The Lords this week in effect amended the Bill to reinstate the amendment rejected by the Commons. So why doesn’t your government just accept this Bill as amended when it comes back to the Commons, so outlawing the dreaded chlorinated chicken and hormone treated beef? If indeed you don’t propose to lower standards in the very many international trade agreements we were promised, then why not commit yourselves to it in legislation? I see that Baroness Noakes, no doubt with her tongue very firmly in her cheek, said: “The Government’s policy is clear. They are committed to higher food and welfare standards. We do not need to write into law what the Government is committed to.” Something of an irony?
4. Then there is the question of the need for the UK to follow EU state aid rules when they affect businesses with a branch in Northern Ireland, whether or not the company’s headquarters are there or in mainland UK. Boris claims that this is unfair. He says that EU jurisdiction should be limited to those businesses where control resides in Northern Ireland. But it was what Boris signed up to and I don’t think that he can claim that he wasn’t aware of what it all meant at the time and so now ignore it. I knew, and I’m just an ordinary constituent.

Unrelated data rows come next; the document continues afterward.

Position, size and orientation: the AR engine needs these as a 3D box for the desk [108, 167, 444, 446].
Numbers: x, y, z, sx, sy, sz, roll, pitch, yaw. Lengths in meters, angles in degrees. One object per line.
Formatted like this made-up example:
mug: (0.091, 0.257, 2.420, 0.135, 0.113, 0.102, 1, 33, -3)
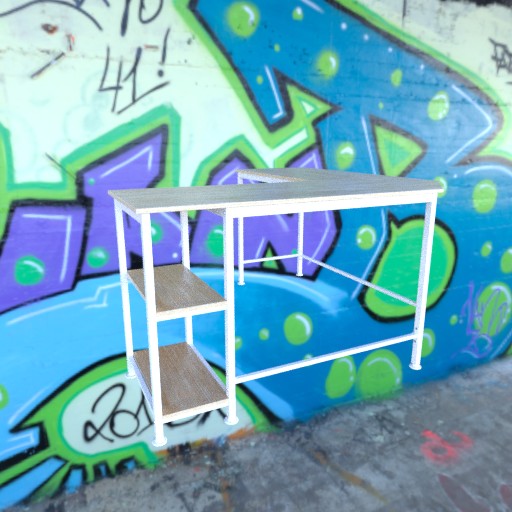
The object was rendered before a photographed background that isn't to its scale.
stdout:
desk: (0.000, 0.000, 2.154, 1.379, 0.739, 1.379, -7, 16, -25)
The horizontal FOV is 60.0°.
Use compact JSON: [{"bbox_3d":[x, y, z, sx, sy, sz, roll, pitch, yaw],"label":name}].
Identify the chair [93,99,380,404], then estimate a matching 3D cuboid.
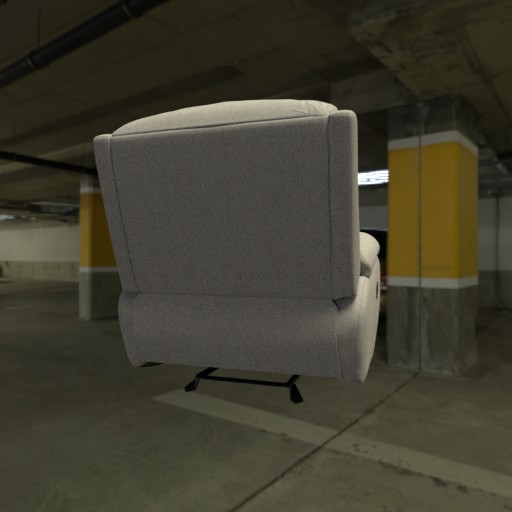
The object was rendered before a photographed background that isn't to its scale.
[{"bbox_3d":[0.000,0.000,1.768,0.930,1.011,0.899,0,0,18],"label":"chair"}]
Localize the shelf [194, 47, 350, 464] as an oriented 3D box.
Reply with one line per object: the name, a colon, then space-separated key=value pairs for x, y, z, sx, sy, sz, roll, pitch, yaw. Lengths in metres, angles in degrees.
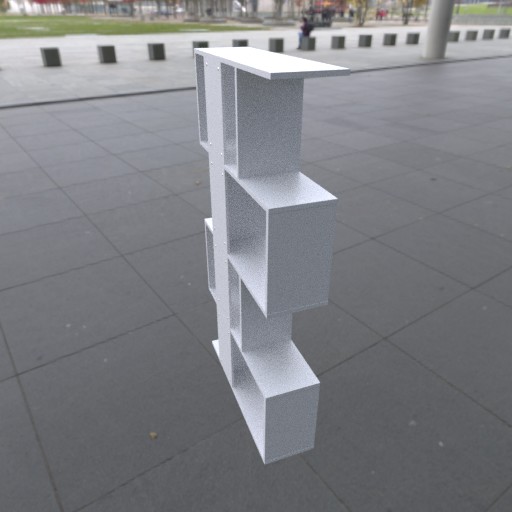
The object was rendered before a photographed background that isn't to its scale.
shelf: x=0.000 y=0.000 z=2.004 sx=0.250 sy=1.650 sz=0.890 roll=-10 pitch=31 yaw=-18
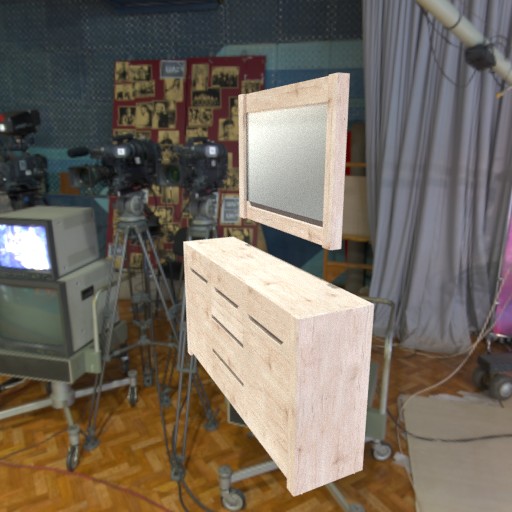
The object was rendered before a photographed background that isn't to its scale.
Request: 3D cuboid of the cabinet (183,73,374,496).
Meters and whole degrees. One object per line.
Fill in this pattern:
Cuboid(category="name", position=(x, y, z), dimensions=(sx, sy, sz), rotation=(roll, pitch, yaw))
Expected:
Cuboid(category="cabinet", position=(0.000, 0.000, 2.731), dimensions=(0.420, 1.981, 1.700), rotation=(-7, 16, -25))
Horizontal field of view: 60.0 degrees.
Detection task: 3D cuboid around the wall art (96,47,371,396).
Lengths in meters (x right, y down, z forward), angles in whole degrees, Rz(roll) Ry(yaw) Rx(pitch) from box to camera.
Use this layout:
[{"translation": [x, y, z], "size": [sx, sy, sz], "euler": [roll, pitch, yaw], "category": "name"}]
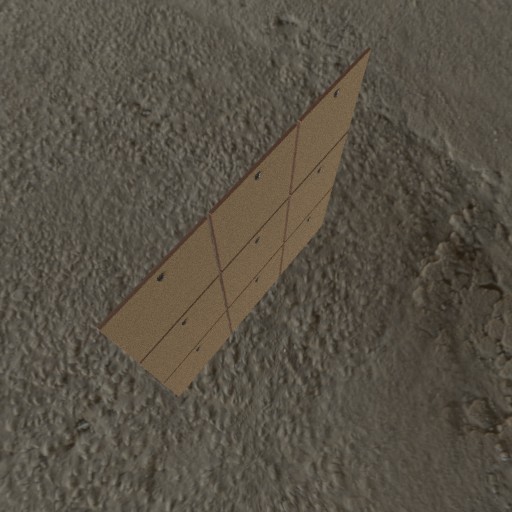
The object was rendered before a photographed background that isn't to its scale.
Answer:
[{"translation": [0.000, 0.000, 1.823], "size": [0.019, 1.218, 1.221], "euler": [36, 70, 15], "category": "wall art"}]
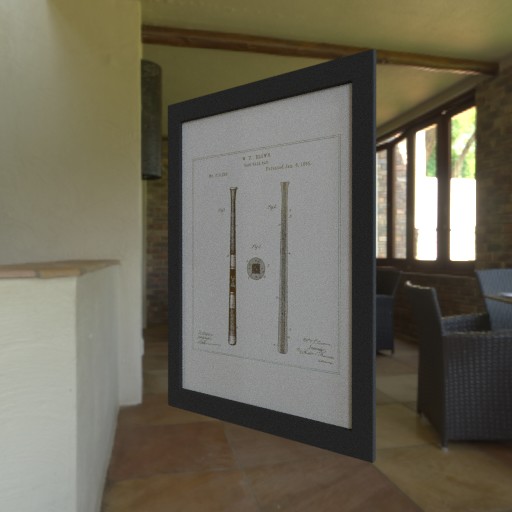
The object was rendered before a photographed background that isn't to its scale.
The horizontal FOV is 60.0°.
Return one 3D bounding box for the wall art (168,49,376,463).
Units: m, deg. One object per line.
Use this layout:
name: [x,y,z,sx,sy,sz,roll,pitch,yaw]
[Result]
wall art: [0.000,0.000,0.677,0.374,0.529,0.012,0,0,35]
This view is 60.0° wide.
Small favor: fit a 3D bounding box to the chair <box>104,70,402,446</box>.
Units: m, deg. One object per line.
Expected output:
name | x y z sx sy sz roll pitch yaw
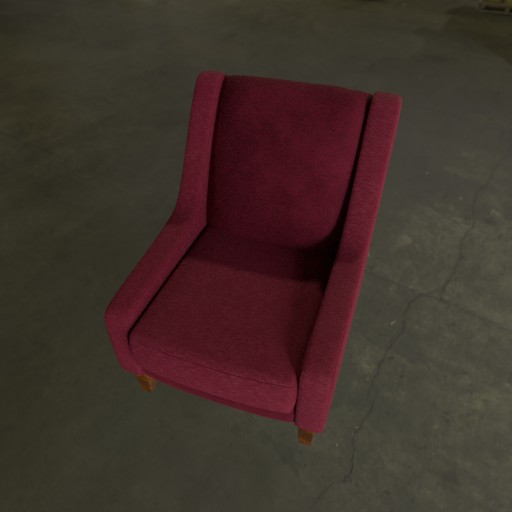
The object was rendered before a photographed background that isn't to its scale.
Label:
chair | 0.000 0.000 1.675 0.793 1.017 0.985 13 43 15
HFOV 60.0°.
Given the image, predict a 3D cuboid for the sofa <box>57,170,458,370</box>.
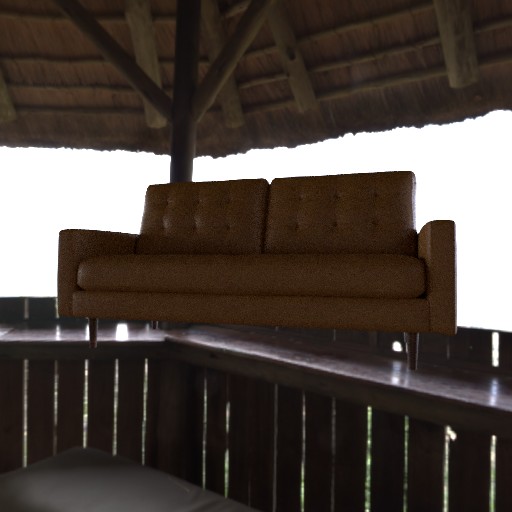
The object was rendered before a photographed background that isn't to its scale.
[{"bbox_3d":[0.000,0.000,2.269,1.821,0.898,0.850,0,0,17],"label":"sofa"}]
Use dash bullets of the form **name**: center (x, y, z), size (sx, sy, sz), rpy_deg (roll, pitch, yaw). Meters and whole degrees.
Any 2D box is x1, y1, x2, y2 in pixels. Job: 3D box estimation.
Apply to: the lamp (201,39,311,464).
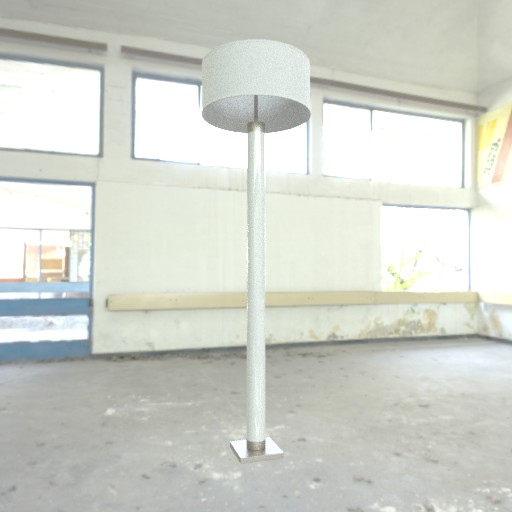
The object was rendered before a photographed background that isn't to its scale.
- **lamp**: center (0.000, 0.000, 1.685), size (0.420, 1.475, 0.420), rpy_deg (1, -2, -17)
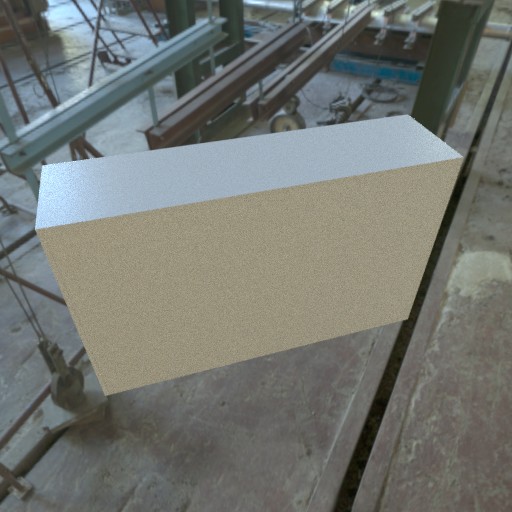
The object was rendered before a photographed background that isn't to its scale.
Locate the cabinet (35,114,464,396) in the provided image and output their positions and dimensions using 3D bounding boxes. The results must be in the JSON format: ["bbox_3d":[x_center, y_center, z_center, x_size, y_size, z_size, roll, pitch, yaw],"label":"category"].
[{"bbox_3d":[0.000,0.000,1.874,1.450,0.900,0.380,-11,43,-13],"label":"cabinet"}]
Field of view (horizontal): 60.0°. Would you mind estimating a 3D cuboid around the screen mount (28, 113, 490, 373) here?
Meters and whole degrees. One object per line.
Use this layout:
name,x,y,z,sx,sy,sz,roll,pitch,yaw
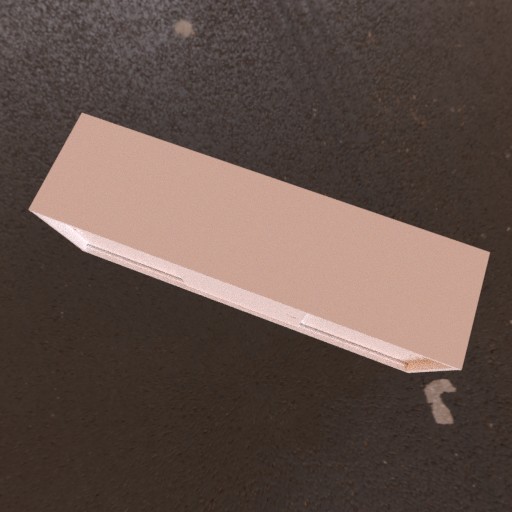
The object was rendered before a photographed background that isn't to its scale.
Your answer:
screen mount,0.000,0.000,1.772,1.490,0.619,0.400,20,75,6
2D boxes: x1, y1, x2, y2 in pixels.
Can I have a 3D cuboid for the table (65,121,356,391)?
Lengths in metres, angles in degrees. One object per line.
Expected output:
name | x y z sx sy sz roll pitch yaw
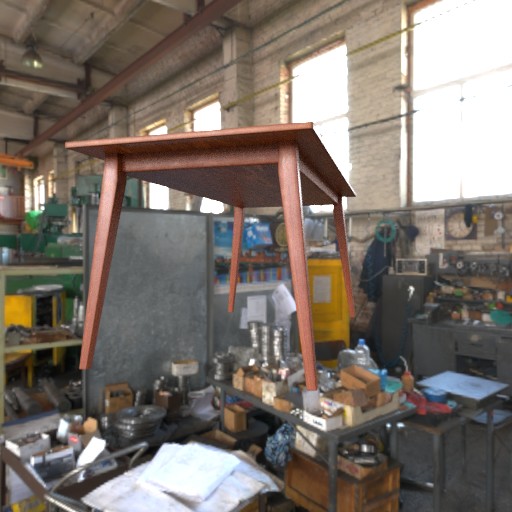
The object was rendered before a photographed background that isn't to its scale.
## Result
table | 0.000 0.000 2.093 0.811 0.755 1.609 0 1 17
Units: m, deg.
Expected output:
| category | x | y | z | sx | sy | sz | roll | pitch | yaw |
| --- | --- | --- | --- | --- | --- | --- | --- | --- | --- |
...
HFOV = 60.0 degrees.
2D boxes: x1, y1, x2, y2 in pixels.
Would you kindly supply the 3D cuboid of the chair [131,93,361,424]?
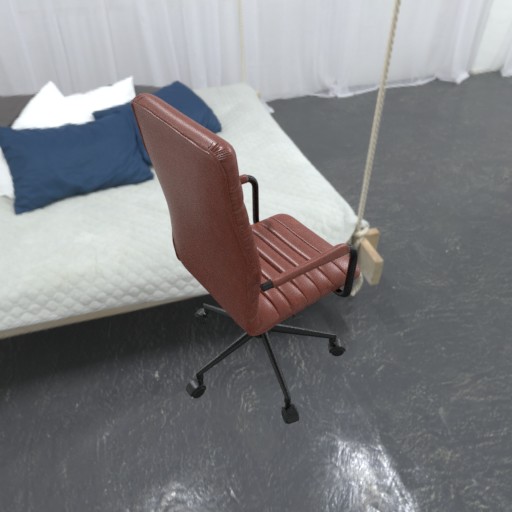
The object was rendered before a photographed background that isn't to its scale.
| category | x | y | z | sx | sy | sz | roll | pitch | yaw |
| --- | --- | --- | --- | --- | --- | --- | --- | --- | --- |
| chair | 0.000 | 0.000 | 1.351 | 0.580 | 0.979 | 0.608 | -25 | 46 | -27 |
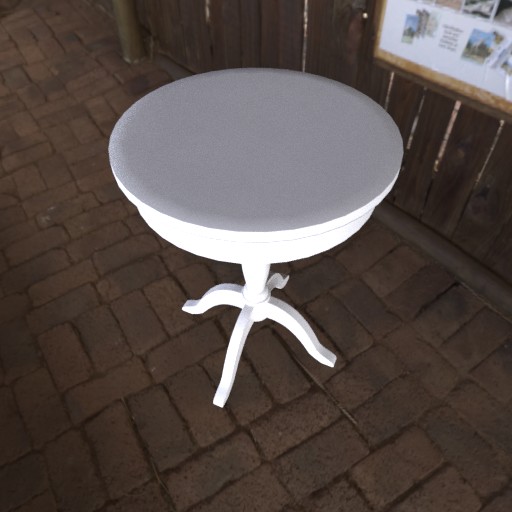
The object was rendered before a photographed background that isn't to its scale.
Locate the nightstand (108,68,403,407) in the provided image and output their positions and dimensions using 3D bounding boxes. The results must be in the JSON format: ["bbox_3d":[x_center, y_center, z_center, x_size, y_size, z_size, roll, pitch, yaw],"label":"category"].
[{"bbox_3d":[0.000,0.000,1.028,0.513,0.653,0.513,25,52,22],"label":"nightstand"}]
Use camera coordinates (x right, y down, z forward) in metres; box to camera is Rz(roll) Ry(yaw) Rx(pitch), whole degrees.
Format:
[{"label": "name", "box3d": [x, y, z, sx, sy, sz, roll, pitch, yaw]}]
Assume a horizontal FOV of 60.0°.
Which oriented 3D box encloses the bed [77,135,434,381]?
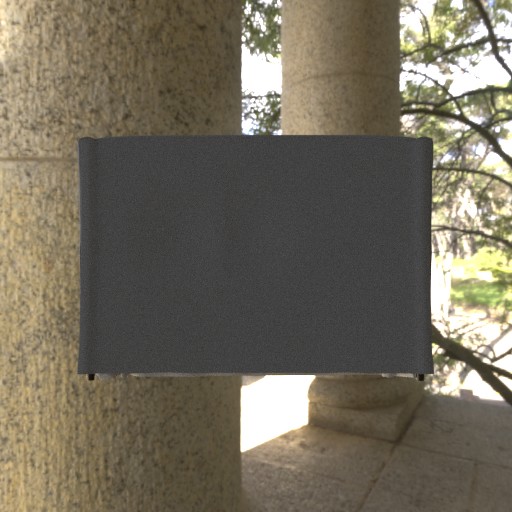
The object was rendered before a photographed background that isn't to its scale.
[{"label": "bed", "box3d": [0.000, 0.000, 3.487, 1.925, 1.332, 2.276, 0, 1, 0]}]
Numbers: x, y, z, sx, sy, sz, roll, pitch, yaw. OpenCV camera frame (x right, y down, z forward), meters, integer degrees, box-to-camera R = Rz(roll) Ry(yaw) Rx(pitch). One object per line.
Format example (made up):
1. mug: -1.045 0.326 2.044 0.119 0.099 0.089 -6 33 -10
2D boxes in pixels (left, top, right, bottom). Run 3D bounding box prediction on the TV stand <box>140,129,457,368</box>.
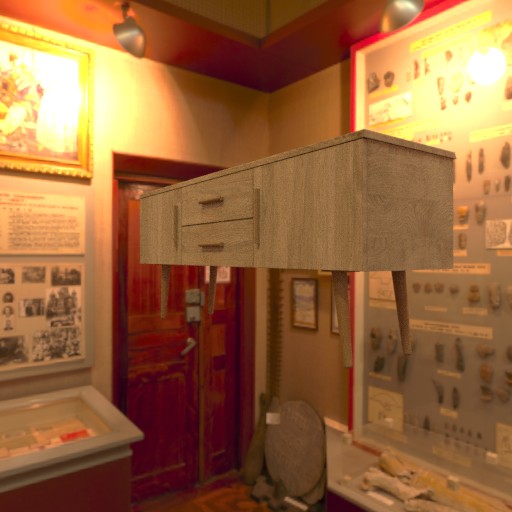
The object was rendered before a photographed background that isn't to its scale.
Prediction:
1. TV stand: 0.000 0.000 1.622 0.401 0.565 1.313 0 0 -36
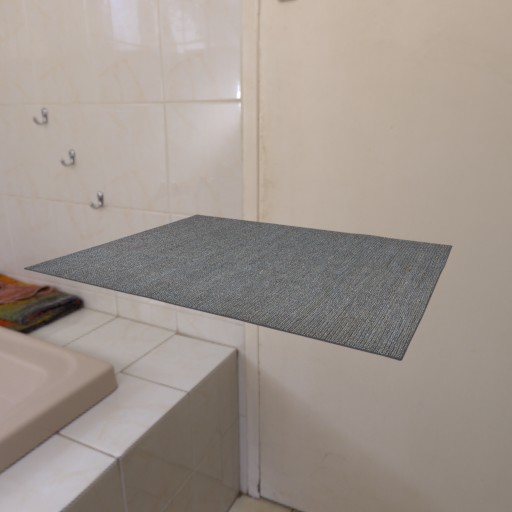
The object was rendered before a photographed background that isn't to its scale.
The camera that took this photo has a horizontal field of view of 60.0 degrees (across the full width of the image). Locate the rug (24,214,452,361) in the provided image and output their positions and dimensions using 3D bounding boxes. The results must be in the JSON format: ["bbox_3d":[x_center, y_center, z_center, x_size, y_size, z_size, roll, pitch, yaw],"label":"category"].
[{"bbox_3d":[0.000,0.000,4.010,3.068,0.021,2.456,9,20,27],"label":"rug"}]
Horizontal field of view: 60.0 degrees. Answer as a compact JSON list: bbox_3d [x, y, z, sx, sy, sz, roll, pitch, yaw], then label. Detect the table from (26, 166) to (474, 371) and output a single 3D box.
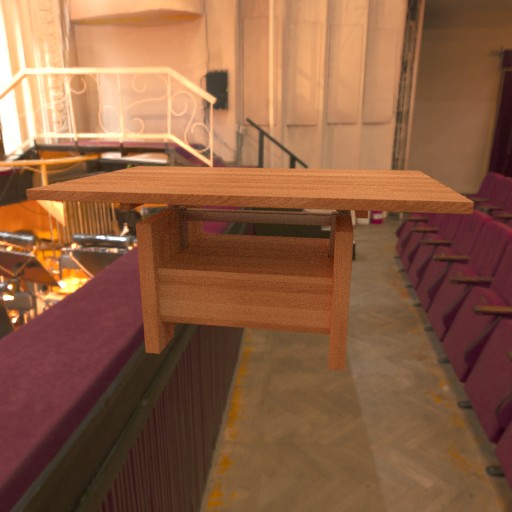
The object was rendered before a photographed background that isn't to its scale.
[{"bbox_3d":[0.000,0.000,1.471,1.100,0.510,0.700,3,17,10],"label":"table"}]
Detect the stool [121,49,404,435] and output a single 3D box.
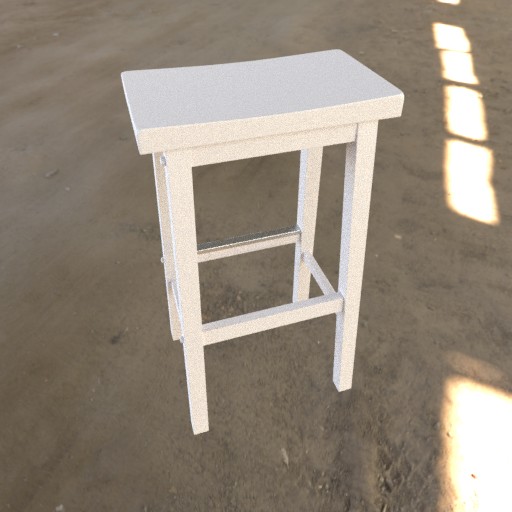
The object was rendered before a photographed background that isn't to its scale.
[{"bbox_3d":[0.000,0.000,0.953,0.406,0.742,0.322,-12,43,-13],"label":"stool"}]
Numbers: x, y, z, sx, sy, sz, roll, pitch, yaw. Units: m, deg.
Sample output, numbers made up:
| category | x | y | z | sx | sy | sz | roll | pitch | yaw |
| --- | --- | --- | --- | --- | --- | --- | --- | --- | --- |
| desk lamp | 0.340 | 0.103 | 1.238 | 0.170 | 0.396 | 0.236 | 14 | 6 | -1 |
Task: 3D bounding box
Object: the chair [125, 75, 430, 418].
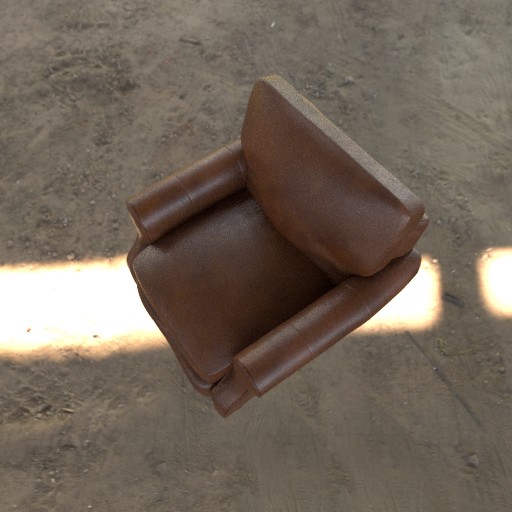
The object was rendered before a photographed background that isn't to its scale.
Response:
| category | x | y | z | sx | sy | sz | roll | pitch | yaw |
| --- | --- | --- | --- | --- | --- | --- | --- | --- | --- |
| chair | 0.000 | 0.000 | 1.853 | 0.992 | 0.972 | 0.989 | -32 | 67 | -16 |
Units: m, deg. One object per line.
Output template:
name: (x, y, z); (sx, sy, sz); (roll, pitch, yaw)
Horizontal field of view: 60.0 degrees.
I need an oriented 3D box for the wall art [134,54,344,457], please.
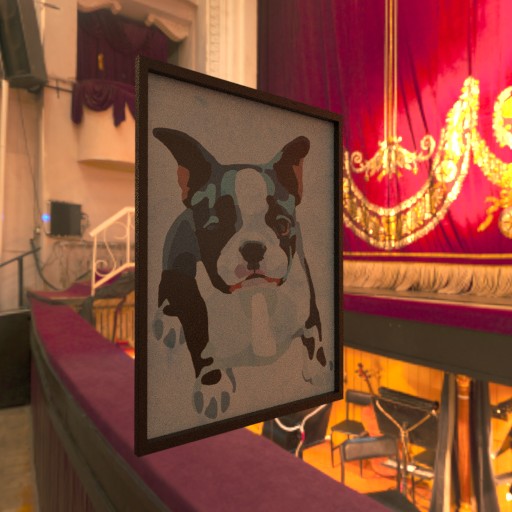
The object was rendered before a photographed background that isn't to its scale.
wall art: (0.000, 0.000, 1.376); (0.774, 1.027, 0.030); (0, -1, -38)
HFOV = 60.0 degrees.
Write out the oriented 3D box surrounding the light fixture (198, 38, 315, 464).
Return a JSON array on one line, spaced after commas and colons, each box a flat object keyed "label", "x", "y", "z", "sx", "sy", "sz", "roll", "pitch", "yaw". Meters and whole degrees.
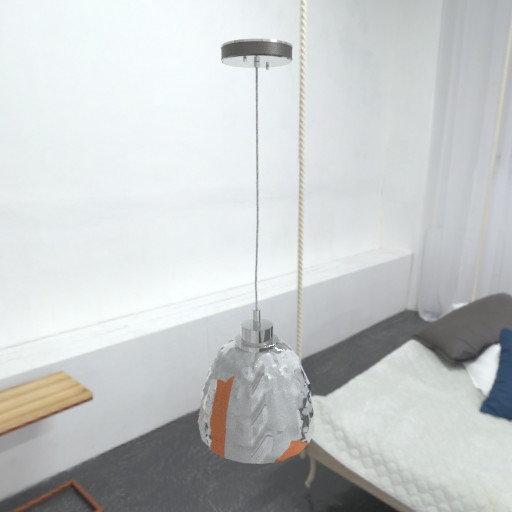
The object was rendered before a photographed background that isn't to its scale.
[{"label": "light fixture", "x": 0.000, "y": 0.000, "z": 1.739, "sx": 0.500, "sy": 1.511, "sz": 0.496, "roll": 7, "pitch": 16, "yaw": 26}]

5. You refer to the obligation on both sides to act in good faith in negotiating the outstanding provisions of the treaty. You say that not to do so on the part of the EU is a breach by them of international law. I’m afraid, however, that ‘good faith’ is in the eye of the beholder. And a requirement to negotiate an agreement in good faith, or to use ones best endeavours to come to an agreement, is not actually an enforceable provision. As my old law lecturer told us – an agreement to agree is never enforceable, however many words you use to dress it up to look like something else.
I did wonder if you were the actual author of your reply, rather than someone at Conservative HQ. As a matter of courtesy, I will assume that it was not you because, whilst for political obfuscation I would award it high marks, for an accurate representation of the applicable law, whether domestic or international, I would give it ‘nul points’. Or is that too European?